= ACTIVITY =
Of the lines in the data below, write out exactly those from the one holding "#18 boat shoe <box>326,333,401,390</box>" through the one holding "name -> x, y, z", both included.

*** Begin section ***

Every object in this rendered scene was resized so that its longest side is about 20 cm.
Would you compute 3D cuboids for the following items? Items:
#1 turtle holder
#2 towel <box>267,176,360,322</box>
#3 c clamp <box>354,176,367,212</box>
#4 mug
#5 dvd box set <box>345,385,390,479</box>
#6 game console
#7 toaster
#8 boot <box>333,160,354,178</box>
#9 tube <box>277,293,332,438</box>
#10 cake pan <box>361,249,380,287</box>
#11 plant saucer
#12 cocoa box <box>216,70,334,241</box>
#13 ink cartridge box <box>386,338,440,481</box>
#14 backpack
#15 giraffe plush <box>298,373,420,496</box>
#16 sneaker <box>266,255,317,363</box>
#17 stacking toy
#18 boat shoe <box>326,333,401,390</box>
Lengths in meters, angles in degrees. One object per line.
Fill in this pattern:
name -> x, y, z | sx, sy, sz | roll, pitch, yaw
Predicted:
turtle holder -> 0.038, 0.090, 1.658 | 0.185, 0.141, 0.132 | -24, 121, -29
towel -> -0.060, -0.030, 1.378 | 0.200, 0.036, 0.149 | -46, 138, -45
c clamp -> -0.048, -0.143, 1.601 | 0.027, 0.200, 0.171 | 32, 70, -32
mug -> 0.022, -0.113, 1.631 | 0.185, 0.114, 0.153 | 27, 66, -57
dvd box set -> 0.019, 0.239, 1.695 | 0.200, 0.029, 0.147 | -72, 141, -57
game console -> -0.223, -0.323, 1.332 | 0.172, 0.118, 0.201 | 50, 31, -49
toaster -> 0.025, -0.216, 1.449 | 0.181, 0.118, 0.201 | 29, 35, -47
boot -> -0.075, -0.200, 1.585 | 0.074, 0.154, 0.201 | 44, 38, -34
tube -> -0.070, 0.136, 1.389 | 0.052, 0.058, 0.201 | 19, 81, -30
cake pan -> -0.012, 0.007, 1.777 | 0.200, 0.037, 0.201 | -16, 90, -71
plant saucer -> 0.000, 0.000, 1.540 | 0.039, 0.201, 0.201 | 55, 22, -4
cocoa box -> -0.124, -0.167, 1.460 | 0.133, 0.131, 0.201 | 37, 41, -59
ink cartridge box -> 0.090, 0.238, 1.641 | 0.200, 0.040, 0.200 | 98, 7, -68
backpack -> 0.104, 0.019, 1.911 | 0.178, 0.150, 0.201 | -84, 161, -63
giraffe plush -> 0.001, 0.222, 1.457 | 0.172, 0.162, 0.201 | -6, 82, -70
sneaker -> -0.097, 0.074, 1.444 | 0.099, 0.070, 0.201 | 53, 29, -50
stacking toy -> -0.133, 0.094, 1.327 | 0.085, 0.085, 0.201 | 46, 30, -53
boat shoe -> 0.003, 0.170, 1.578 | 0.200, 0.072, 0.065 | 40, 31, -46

*** End section ***

= FINAL ANSWER =
#18 boat shoe <box>326,333,401,390</box>
Lengths in meters, angles in degrees. One object per line.
Fill in this pattern:
name -> x, y, z | sx, sy, sz | roll, pitch, yaw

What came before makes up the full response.